Grill the controller! – feeding others from the tin cup

Grill the controller! – feeding others from the tin cup

Our theory derived from experience: You can tell the futuristic capability of a business by the size of its break room. So we developed the “break room index”: The punier and drabber its current condition, the lower the probability that the company will spend money on our services as Arbeitsweltverbesserer. A company that fobs its employees with only the bare necessities will even less so spend money on paint or emotionally inspiring rooms. From coffee to vegetable stew – ingestion in German offices sucks!

The usual suspects

A foil carton is a standardized piece of molded aluminum. It is filled with food at 5am which is consumed around 12:30pm by those who aren’t lucky enough to work close to a city center. It is particularly used by companies in industrial areas, far off the beaten track, and therefore far from the next supermarket.
A break room is a functional space about 5 x 10 feet, equipped with low-maintenance surfaces, a fridge, coffee machine, and – if you’re lucky – a microwave. Thanks to euphemistically exaggerated area economics, anyone bigger than size 0 has to fold up elbows and butt simultaneously so they don’t get stuck when loading or unloading the dish washer.
A cafeteria is a big, bleak room with many identical tables stuck close together. The atmosphere often is evocative of a juvenile prison. The carelessly chosen chairs move with great noise, which provides the transculturally and transnationally characteristic cafeteria background noise. The low-cost furniture serves the second purpose of time efficiency: whoever eats under such circumstances does not spend more time on it than absolutely necessary.

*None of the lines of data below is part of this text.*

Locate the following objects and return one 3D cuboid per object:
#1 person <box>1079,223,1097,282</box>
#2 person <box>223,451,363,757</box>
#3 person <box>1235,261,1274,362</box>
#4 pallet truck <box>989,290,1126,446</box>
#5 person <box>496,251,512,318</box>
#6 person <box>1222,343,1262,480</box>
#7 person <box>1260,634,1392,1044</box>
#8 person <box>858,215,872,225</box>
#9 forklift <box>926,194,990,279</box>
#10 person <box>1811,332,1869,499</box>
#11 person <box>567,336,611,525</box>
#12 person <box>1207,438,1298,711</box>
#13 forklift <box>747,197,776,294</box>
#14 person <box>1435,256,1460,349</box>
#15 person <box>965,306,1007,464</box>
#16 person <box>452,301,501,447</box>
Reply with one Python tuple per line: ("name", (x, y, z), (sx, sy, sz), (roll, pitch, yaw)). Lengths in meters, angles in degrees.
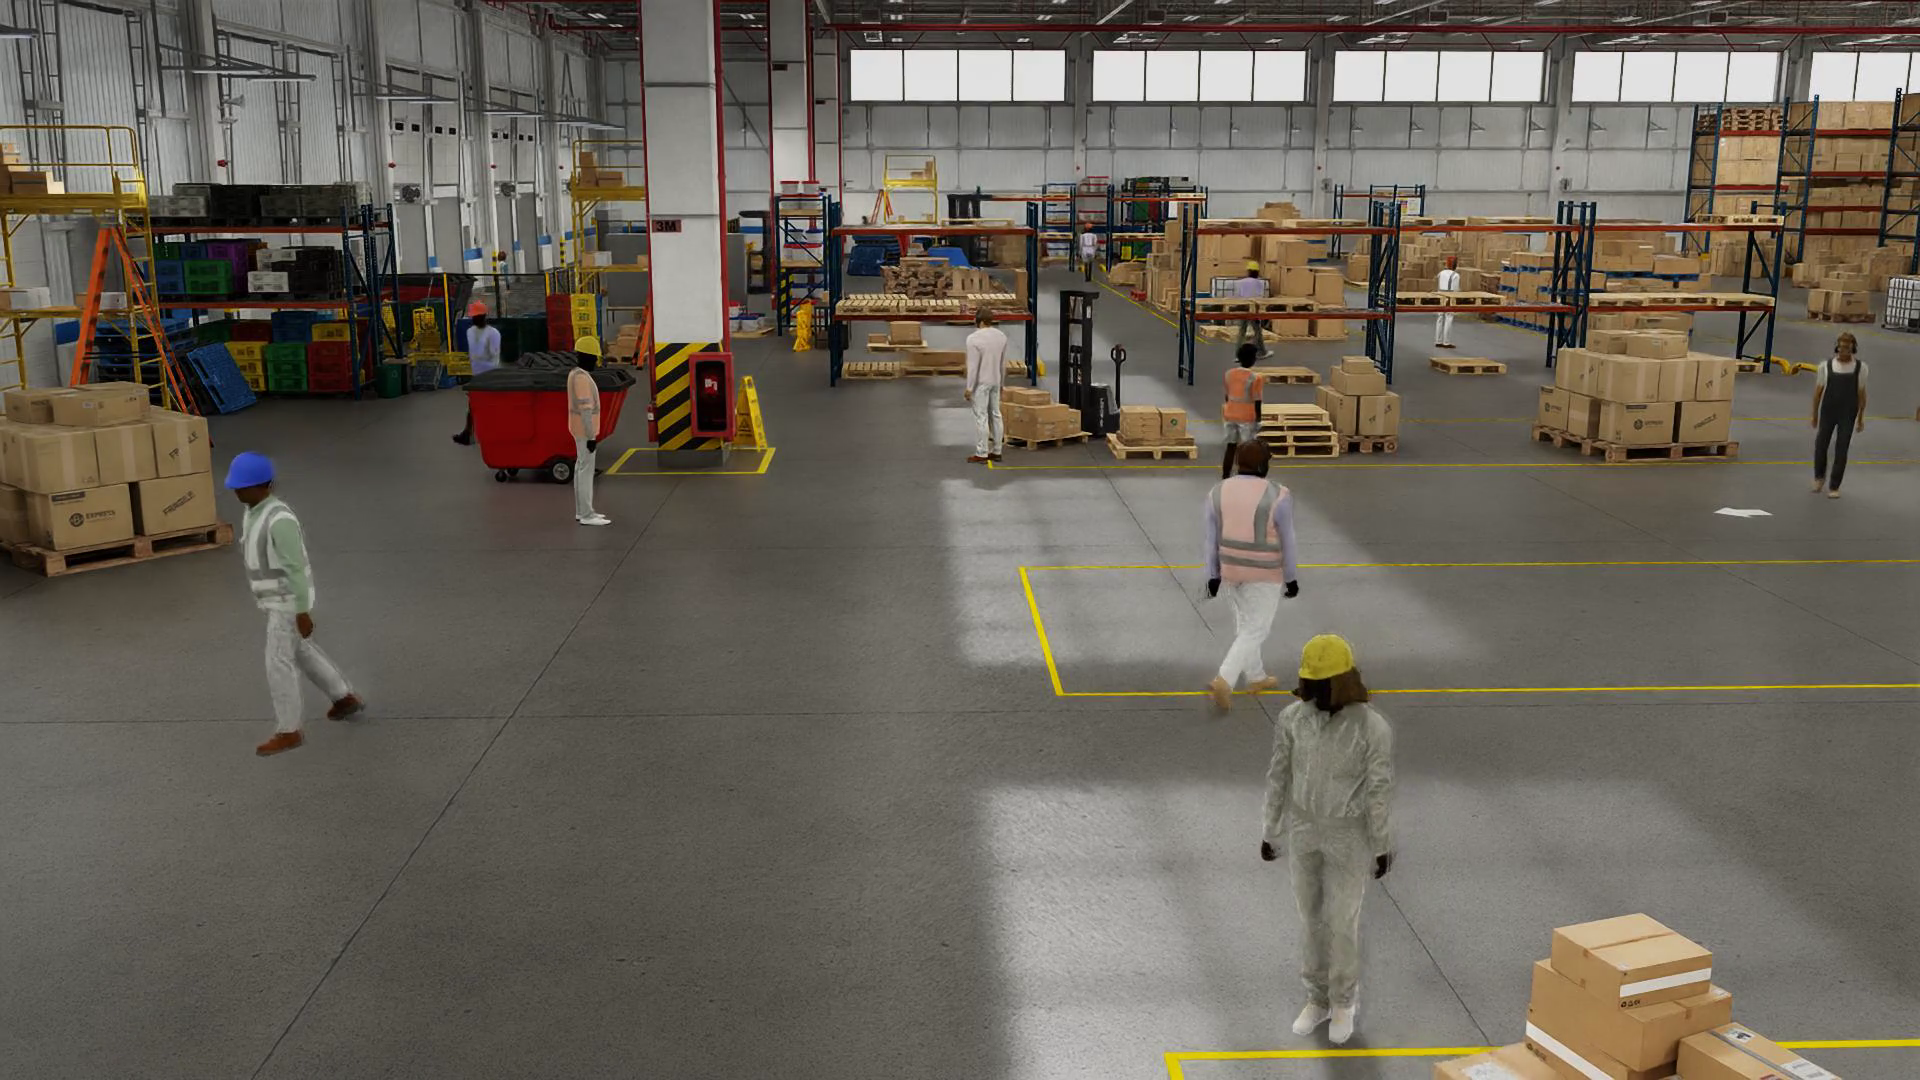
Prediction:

Therefore the barely half-an-hour lunch break easily suffices.

Neanderthals

How did we stoop so low that cafeteria, foil carton, and break room are all that’s left of food culture in our office routine?
For centuries we have sat around fires with our clans, chewed on a piece of mammoth meat for hours while gazing at the stars and telling each other stories and exchanging tales and myths. Cooking was one of the first human cultural technologies. The steady development of knives, pots, and ovens was the driving force behind our inventive spirits. Spices during the Medieval and Early Modern Age were as important as mineral oil is today. Out spiritual and cultural development has been shaped while hunting, preparing, and consuming food. And now we sit penned up in dismal rooms or desperately gobble up ramen noodles.

Cafeteria and amore

Massimo is a passionate chef and pizzaiolo. But about seven years ago he decided to put his small son Luca to bed each night rather than putting pizzas in the oven. And that is how it came that today Massimo cooks at mercateo in Köthen and prepares fresh food for up to 100 employees – for about 3 € per meal. Massimo sings in the kitchen, juggles fragrant herbs, and the employees feel like regular guests at Mamma Italia.
Only on Thursdays Massimo can hardly keep up with the crowd of customers and subcontractors that just all happen to turn up for pizza day (well-aware of who pays for a business lunch).
Form AND content… In the new employee restaurant of Ritter Sport we devoted ourselves to turning a cafeteria into an experience location to really refuel and regenerate. The restaurant is supposed to be – that was the wish Mrs. Ritter expressed – a gathering place for all employees from manufacture to administration. Our solution: a design without hierarchies, vistas of nature, warm materials, spots for regulars, one-more-coffee-drinkers, gossip groups, and lunchtime relaxers. The diversity of the furniture and its non-cafeteria atmosphere is the reason it sometimes doubles as a conference room. Job interviews take place here instead of in a meeting room.

In a sinking submarine

Already 2,000 years ago the Roman poet Juvenal knew: A sound mind lives in a sound body. Innovation, performance ability, contentment, and the basic need “ingestion” are closer related than one might think. Companies with good food provision have a lower turnover and a good deal more qualified applicants. That is not due to the food itself, but due to the appreciative attitude towards the staff it expresses.
Businesses with break rooms the size of submarine galleys suffer one fate: they drown.